New Twist #1 - the Economy
Out of the economic turmoil that has marked the past couple years have come calls for fiscal austerity from a public suspicious of government spending, disgusted with perceived wastefulness, and calling for greater accountability of how their tax dollars are spent. Calling for cutbacks on public safety spending, once a third-rail topic, were no longer off-limits as voters and politicians took aim at first-responders.
Public pushback has resulted in large-scale cutbacks on equipment, overtime, training budgets, and manpower. Layoffs of sworn officers were once unheard of but are now common and, in some states (such as our own state of Illinois), cries for pension reform - if not the outright abolition of the pension system - are in full-throat.
Just try suggesting a corresponding reduction in police service and see what happens...
New Twist #2 - Media Influence
Law enforcement is one of the most highly visible but least understood professions. Someone can watch every episode of every crime drama or police reality show ever made and never come close to understanding the job. People think they know police and policing based on snippets of information and dramatizations and are quick to offer their thoughts about not just what cops do, but how they should be doing it.

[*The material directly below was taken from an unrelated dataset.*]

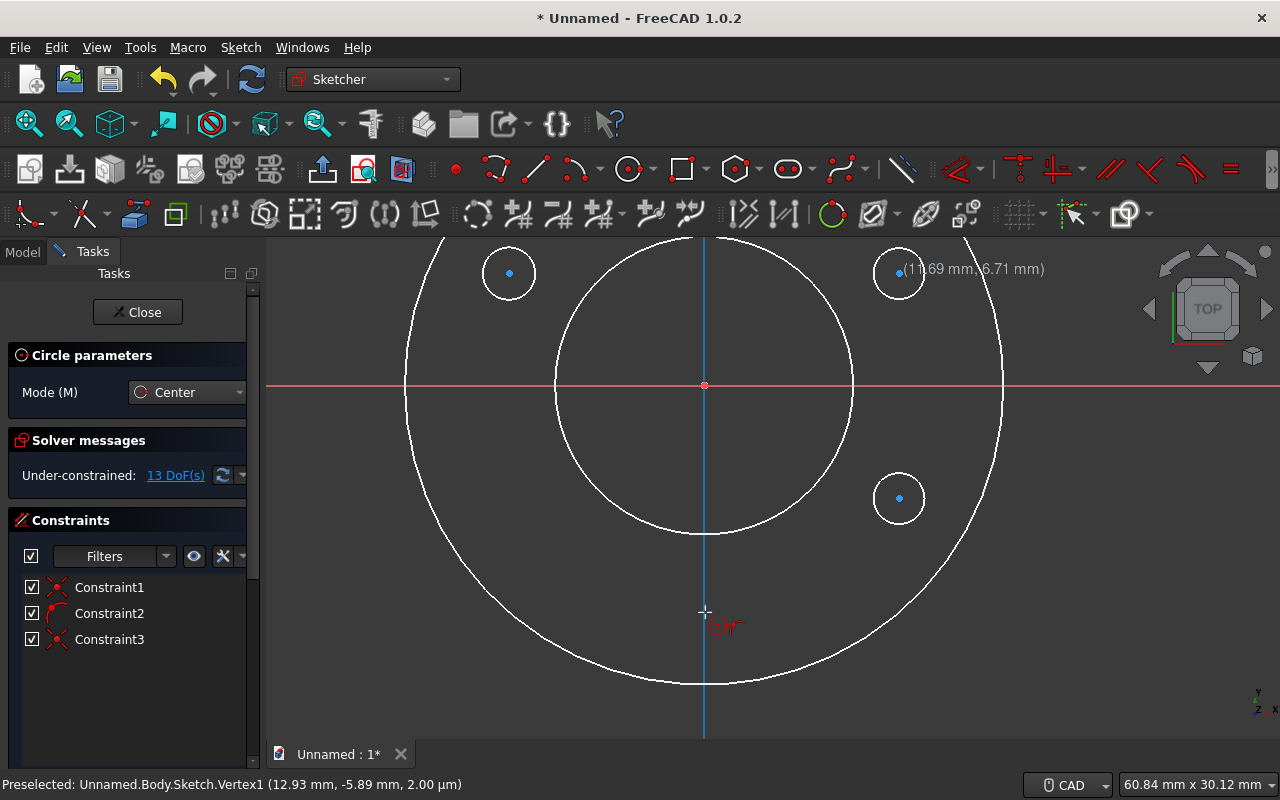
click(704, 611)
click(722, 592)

Whether the ever-increasing but still largely faux intimacy with police work most people have developed is a good thing or bad is open to debate. It has spawned such developments as the CSI Effect and awareness - if not necessarily an understanding - of police response, tactics, and weapons. It has raised expectations unrealistically high about investigations, or kept them low, as when fictional depictions of corruption or bad behavior are experienced not as anomalies driving a plotline but as normal behavior.
Cops have long groused about perceptions of unfair news media coverage, so that is nothing new, but what is new is threefold:
First, news sources now extend beyond the traditional outlets (network TV or radio, and traditional print mediums) to reach a wider audience through nontraditional outlets. While this information explosion is generally a good thing, it has also provided equal access to fringe players with little or no journalistic training, values, or integrity competing for readers/viewers/listeners, including more than a few cop-haters ready to bash law enforcement.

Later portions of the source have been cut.